From startups to global quick service restaurants and major financial institutions, Amazon Redshift customers span across all industries and sizes, including many Fortune 500 companies. We’re proud that Amazon Redshift breaks down cost and accessibility barriers of a data warehouse, so startups and non-profits can realize the same benefits as established enterprises from running analytics at scale with Amazon Redshift.
The diverse customer base also allows the Amazon Redshift team to continue to innovate with new features and capabilities that deliver the best price performance for any use case. Use cases range from analytics that help Britain’s railways run smoothly, to providing insight into the behavior of millions of people learning a new language, playing online games, learning to code, and much more. As the world around us responds to changes in every aspect of personal and business life, Amazon Redshift is helping tens of thousands of customers respond with fast and powerful analytics.
More and more customers have gravitated to Amazon Redshift because of continued innovation, including the new generation of Amazon Redshift nodes, RA3 with managed storage. This latest generation of Amazon Redshift is unique because it introduces the ability to independently scale compute and storage with Redshift managed storage, (RMS). This enables you to scale cost-effectively because you can add more data without increasing compute cost, or add more compute without increasing storage costs. This makes RA3 a cost-effective option for both steady and diverse data warehouse workloads, gives you room to grow, and maximizes performance.
New customers like Poloniex and OpenVault benefit from the flexibility of Amazon Redshift RA3
Many customers are growing and looking for a cloud data warehouse that can scale with them, easily integrate with other AWS services, and deliver great value. For customers like Poloniex and OpenVault, who are just getting started with Amazon Redshift, we recommend using the new RA3 nodes with managed storage. New customers like RA3 because you can size your data warehouse for your core workload and easily scale for spikes in users and data to balance performance and costs. For example, you can use concurrency scaling to automatically scale out when the number of queries suddenly spike up, or use elastic resize to scale up and add nodes to make queries run faster. If you’re using clusters intermittently, you can pause and resume on a schedule or manually. You can further reduce costs on steady state clusters by investing in reserved instances with a 1- or 3-year commitment.

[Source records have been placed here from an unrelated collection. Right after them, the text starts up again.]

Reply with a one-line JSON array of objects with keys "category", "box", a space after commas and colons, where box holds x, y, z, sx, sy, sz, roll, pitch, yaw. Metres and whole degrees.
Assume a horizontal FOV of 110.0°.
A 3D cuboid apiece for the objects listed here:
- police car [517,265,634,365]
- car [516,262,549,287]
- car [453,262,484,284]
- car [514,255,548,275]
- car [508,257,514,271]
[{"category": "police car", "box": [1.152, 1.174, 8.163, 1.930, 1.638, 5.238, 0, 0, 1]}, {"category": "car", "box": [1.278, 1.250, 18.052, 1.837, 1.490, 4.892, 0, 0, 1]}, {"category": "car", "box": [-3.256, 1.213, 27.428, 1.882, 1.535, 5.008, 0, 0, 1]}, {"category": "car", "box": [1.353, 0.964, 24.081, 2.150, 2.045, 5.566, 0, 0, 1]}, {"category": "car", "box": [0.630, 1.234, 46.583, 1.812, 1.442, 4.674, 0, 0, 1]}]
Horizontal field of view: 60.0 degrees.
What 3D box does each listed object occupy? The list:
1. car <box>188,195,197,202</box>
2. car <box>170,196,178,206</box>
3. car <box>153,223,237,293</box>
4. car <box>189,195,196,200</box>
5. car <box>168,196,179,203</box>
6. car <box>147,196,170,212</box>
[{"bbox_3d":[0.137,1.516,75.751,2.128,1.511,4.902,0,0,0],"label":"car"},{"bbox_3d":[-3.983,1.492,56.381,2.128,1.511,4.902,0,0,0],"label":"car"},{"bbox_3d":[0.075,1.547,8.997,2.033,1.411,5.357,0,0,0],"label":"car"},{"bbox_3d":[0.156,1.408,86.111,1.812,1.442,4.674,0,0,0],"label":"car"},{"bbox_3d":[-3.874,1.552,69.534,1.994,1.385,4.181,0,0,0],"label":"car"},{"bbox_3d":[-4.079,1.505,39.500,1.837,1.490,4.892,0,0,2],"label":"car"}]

Poloniex, one of the longest standing cryptocurrency trading platforms in the world, distributing hundreds of billions of dollars in cryptoassets, uses AWS to gain insights into how users interact with their platform and how they can improve the customer experience in trading, lending, storing, and distribution. They evaluated multiple data warehousing options and chose to work with AWS to design a lake house approach by querying and joining data across their Amazon Redshift data warehouse and Amazon Simple Storage Service (Amazon S3) data lake with the Amazon Redshift Spectrum feature.

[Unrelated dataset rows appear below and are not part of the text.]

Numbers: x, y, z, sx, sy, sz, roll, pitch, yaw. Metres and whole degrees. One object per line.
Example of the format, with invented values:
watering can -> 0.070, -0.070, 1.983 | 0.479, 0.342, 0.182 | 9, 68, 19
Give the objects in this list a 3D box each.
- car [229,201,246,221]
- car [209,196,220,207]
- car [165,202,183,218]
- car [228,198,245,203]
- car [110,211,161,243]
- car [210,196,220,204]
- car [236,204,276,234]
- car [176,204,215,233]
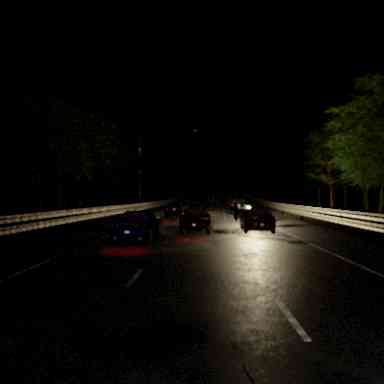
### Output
car -> 5.028, 1.960, 32.605 | 2.128, 1.511, 4.902 | 0, -1, 5
car -> 4.196, 1.979, 63.307 | 1.882, 1.535, 5.008 | 0, 1, 6
car -> -1.601, 1.860, 35.879 | 2.097, 1.767, 4.553 | 0, -1, 5
car -> 5.968, 1.807, 43.589 | 2.150, 2.045, 5.566 | 0, 0, 5
car -> -2.869, 1.729, 17.777 | 1.882, 1.535, 5.008 | 0, -1, 3
car -> 5.175, 1.750, 75.551 | 2.128, 1.511, 4.902 | 0, 2, 5
car -> 4.229, 1.792, 21.850 | 1.882, 1.535, 5.008 | 0, -1, 3
car -> 0.353, 1.790, 21.928 | 1.882, 1.535, 5.008 | 0, -1, 5
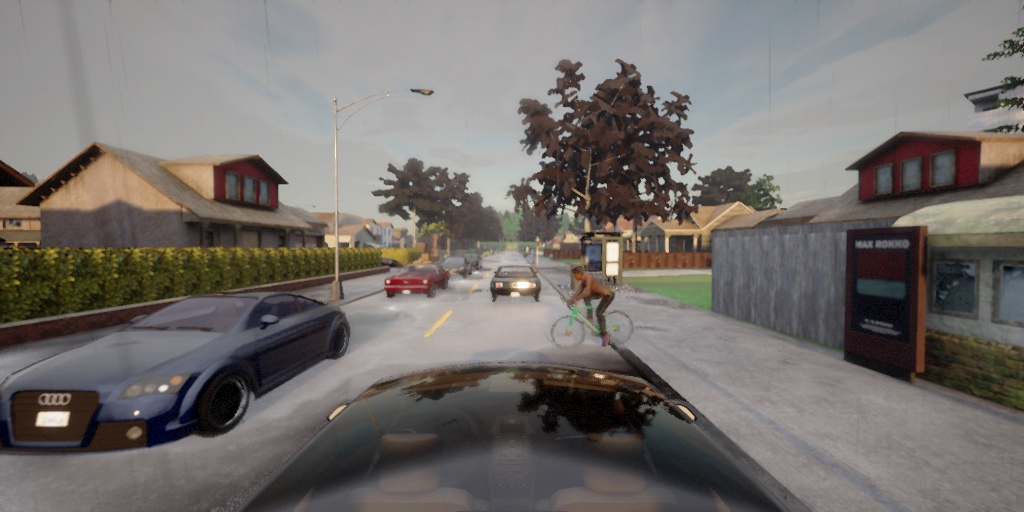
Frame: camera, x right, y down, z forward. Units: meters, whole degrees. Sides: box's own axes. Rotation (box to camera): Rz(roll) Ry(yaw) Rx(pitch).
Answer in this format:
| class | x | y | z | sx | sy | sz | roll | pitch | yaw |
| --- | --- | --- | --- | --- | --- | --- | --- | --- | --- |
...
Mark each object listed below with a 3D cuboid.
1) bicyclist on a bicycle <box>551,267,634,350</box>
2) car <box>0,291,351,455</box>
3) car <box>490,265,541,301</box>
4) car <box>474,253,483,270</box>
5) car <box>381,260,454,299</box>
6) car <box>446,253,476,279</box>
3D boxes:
| class | x | y | z | sx | sy | sz | roll | pitch | yaw |
| --- | --- | --- | --- | --- | --- | --- | --- | --- | --- |
| bicyclist on a bicycle | 1.545 | 1.018 | 7.110 | 1.656 | 1.620 | 0.582 | -6 | 1 | 0 |
| car | -4.095 | 1.231 | 5.193 | 1.994 | 1.385 | 4.181 | 0 | 1 | 0 |
| car | 0.148 | 1.041 | 15.159 | 1.895 | 1.301 | 4.718 | 0 | 1 | 0 |
| car | -3.875 | 0.506 | 34.109 | 1.837 | 1.490 | 4.892 | 0 | 2 | 1 |
| car | -4.041 | 1.021 | 15.936 | 1.895 | 1.301 | 4.718 | 0 | 1 | 0 |
| car | -3.898 | 0.736 | 25.135 | 1.812 | 1.442 | 4.674 | 0 | 1 | 0 |
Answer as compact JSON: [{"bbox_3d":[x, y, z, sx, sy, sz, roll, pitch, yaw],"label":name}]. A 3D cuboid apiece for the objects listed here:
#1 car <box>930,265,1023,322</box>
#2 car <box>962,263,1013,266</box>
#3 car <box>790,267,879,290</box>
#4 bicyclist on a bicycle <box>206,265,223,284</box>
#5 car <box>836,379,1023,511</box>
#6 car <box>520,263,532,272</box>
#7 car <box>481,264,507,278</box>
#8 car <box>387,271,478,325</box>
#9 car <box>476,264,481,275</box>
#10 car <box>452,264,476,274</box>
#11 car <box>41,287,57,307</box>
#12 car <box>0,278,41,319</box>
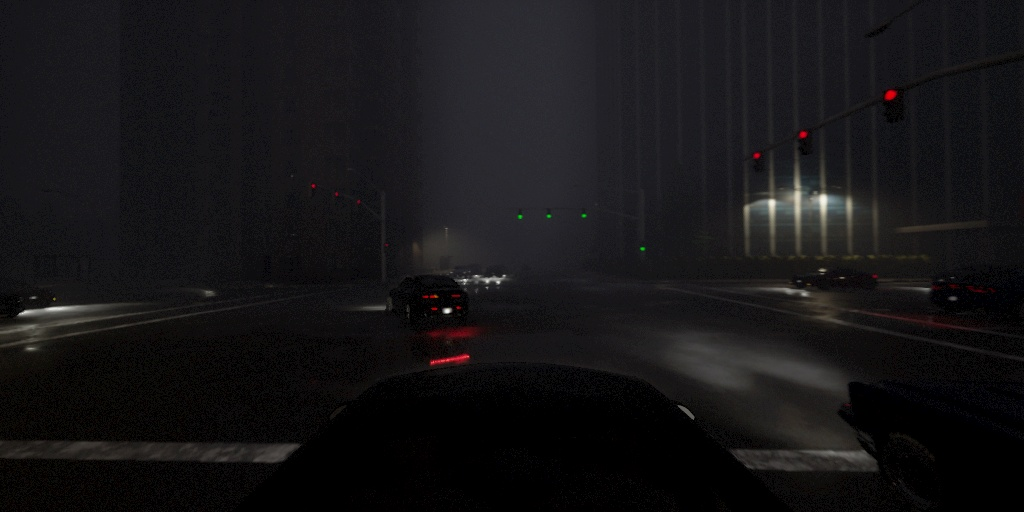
[{"bbox_3d":[16.532,1.174,11.396,5.008,1.535,1.882,-1,-1,1],"label":"car"},{"bbox_3d":[28.417,1.197,21.662,4.892,1.490,1.837,-1,-1,1],"label":"car"},{"bbox_3d":[19.569,1.342,21.912,4.181,1.385,1.994,-1,-1,2],"label":"car"},{"bbox_3d":[-25.261,1.588,30.470,0.582,1.620,1.656,-1,0,2],"label":"bicyclist on a bicycle"},{"bbox_3d":[3.791,1.309,1.113,1.895,1.301,4.718,-1,-1,4],"label":"car"},{"bbox_3d":[2.367,1.896,61.184,2.033,1.411,5.357,-1,-1,2],"label":"car"},{"bbox_3d":[-1.995,1.746,41.310,1.994,1.385,4.181,-1,-1,2],"label":"car"},{"bbox_3d":[-3.105,1.399,12.719,1.837,1.490,4.892,1,-1,-29],"label":"car"},{"bbox_3d":[-5.180,1.795,48.825,1.837,1.490,4.892,-1,-1,3],"label":"car"},{"bbox_3d":[-5.565,1.723,39.576,1.812,1.442,4.674,-1,-1,3],"label":"car"},{"bbox_3d":[-23.146,1.679,15.922,4.181,1.385,1.994,-1,-1,2],"label":"car"},{"bbox_3d":[-20.034,1.526,12.336,5.008,1.535,1.882,-1,-1,0],"label":"car"}]
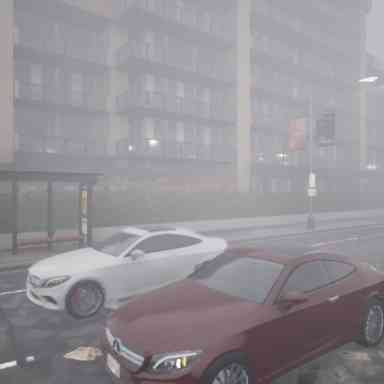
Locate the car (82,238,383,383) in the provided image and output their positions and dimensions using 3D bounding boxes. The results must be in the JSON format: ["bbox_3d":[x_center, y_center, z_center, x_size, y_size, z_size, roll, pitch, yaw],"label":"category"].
[{"bbox_3d":[1.080,1.526,4.787,4.674,1.442,1.812,0,0,-36],"label":"car"}]

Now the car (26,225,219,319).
[{"bbox_3d":[-1.129,1.526,7.508,4.674,1.442,1.812,0,0,-36],"label":"car"}]
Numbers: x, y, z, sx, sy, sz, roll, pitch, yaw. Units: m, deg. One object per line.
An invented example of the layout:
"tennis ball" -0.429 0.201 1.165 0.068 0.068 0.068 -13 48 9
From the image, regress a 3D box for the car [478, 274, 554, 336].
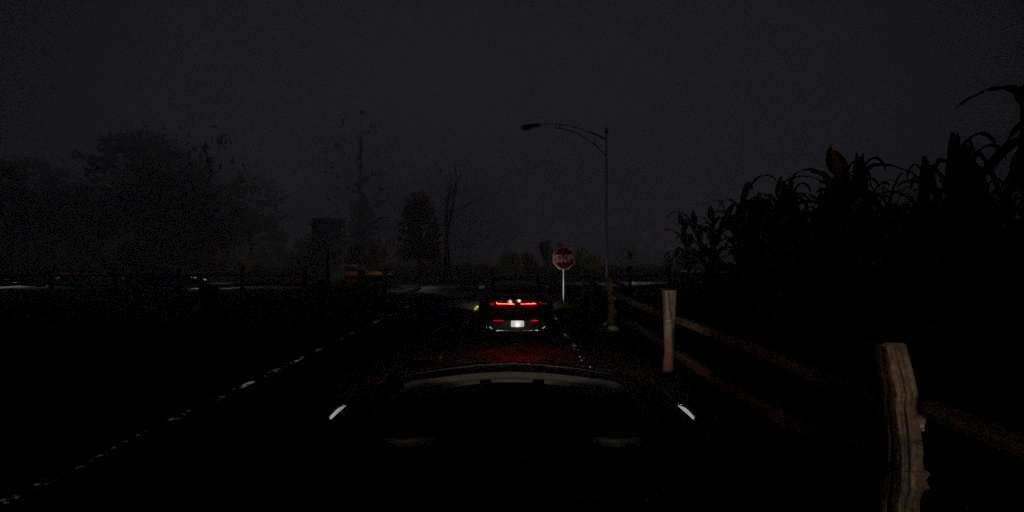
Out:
"car" 0.071 1.255 10.366 1.837 1.490 4.892 0 0 -1

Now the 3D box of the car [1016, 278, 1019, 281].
"car" 36.483 1.131 25.550 5.008 1.535 1.882 0 0 1

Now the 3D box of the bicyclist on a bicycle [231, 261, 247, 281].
"bicyclist on a bicycle" -22.402 1.240 29.442 0.582 1.620 1.656 0 0 1

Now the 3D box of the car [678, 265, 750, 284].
"car" 14.629 1.317 25.876 4.718 1.301 1.895 0 0 1

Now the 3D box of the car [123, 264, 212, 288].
"car" -22.474 1.287 23.470 4.892 1.490 1.837 0 0 1

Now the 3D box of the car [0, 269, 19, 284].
"car" -36.401 1.299 23.683 4.892 1.490 1.837 0 0 1

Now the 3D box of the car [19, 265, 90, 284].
"car" -34.764 1.343 26.599 5.357 1.411 2.033 0 0 1

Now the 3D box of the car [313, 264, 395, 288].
"car" -9.971 1.240 22.737 5.008 1.535 1.882 0 0 9

“When we were evaluating data warehouses, we chose Amazon Redshift over Snowflake because of the transparent and predictable pricing,” says Peter Jamieson, Director of Analytics and Data Science at Poloniex. “The scalability and flexibility have been enormously valuable as we scale our analytics capability with a lean team and infrastructure. We benefit from the separation of compute and storage in the Amazon Redshift RA3 nodes because we have workflows that create a significant spike in our compute needs, especially when aggregating historical transaction data.”
Organizations are often looking to share the data and insight gained through analytics with their end-users as part of their product or service. The Software as a Service (SaaS) model enables this, and we work closely with SaaS customers to understand the value their data provides so they can use Amazon Redshift to unlock additional business value. Amazon Redshift is well positioned to build a scalable, multi-tenant SaaS solution with features that deliver consistent performance with multiple tenants sharing the same Amazon Redshift cluster.

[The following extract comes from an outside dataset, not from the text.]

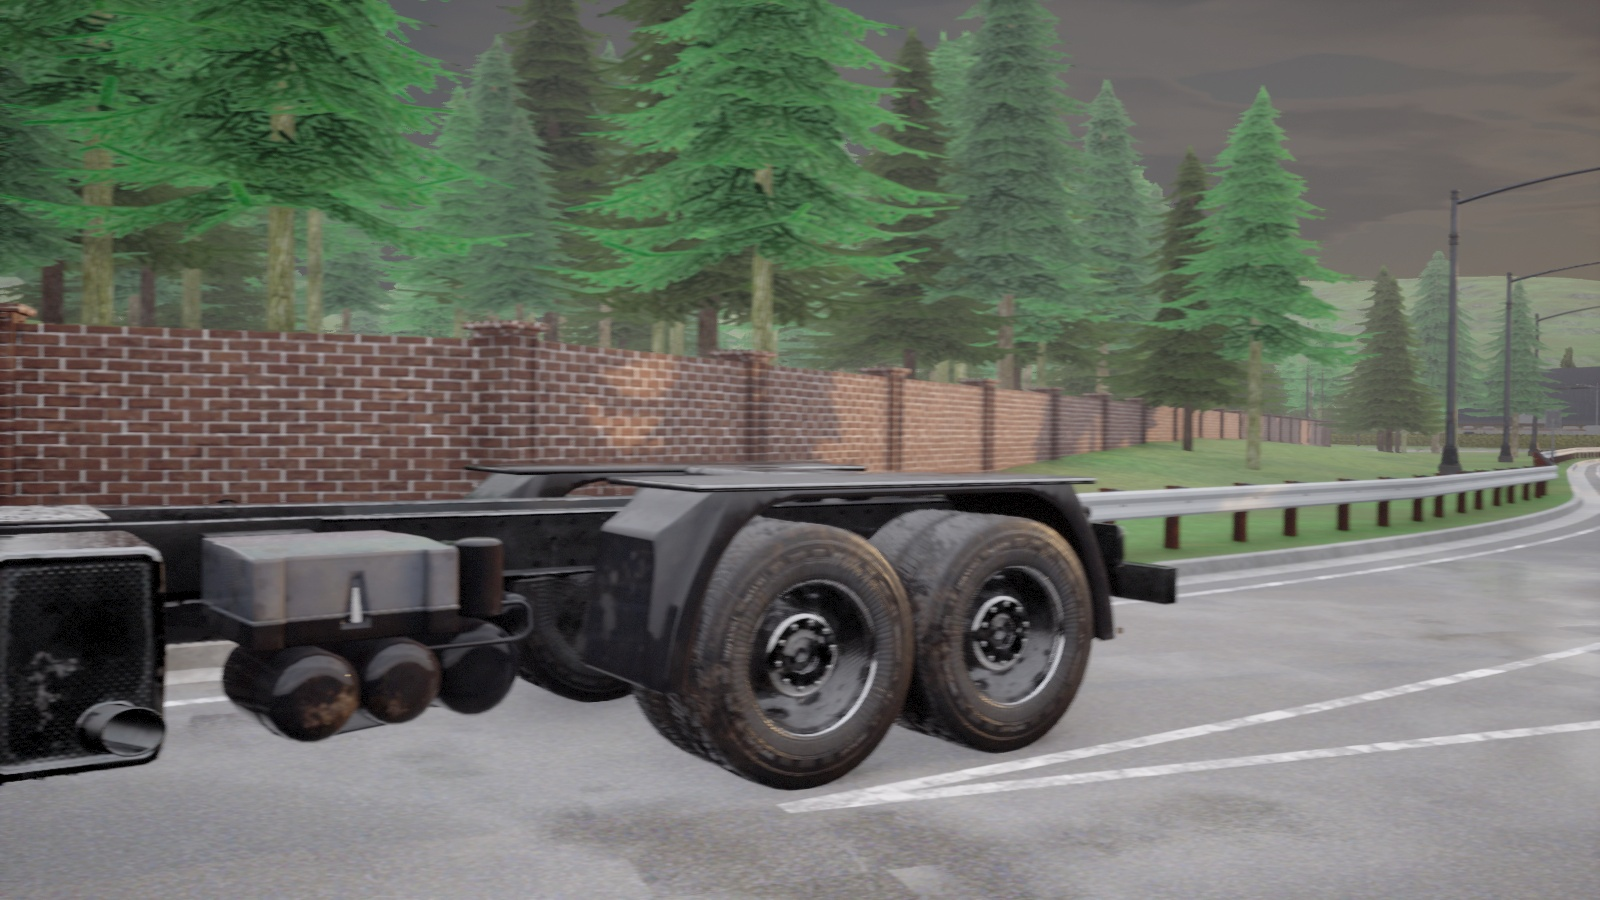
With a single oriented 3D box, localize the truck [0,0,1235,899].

OpenVault, a full-service technology solutions and data analytics company, enables cable, fiber, and mobile operators around the world to unlock the power of the data in their network to optimize and monetize their businesses. They shared a similar story:
“Amazon Redshift powers analytics in our SaaS solutions to provide insight that can be used to anticipate residential and business broadband trends,” says Tony Costa, EVP and CTO at OpenVault. “This makes it possible to use fast-growing broadband data to make decisions that result in revenue growth, new revenue streams, reduced operational/capital expenses, and improved quality of service for broadband operators. We chose Amazon Redshift RA3 because it is a cost-effective analytics and managed storage solution. It empowers OpenVault’s data scientists and operator customers to perform near real-time analysis of billions of rows of records and seamlessly evolve with the growing analytics needs and ad-hoc inquiries of our customers.”
If you’re new to Amazon Redshift, many resources are available to help you ramp up, including AWS employees and partners. For more information, see Getting Started with Amazon Redshift and Request Support for your Amazon Redshift Proof-of-Concept.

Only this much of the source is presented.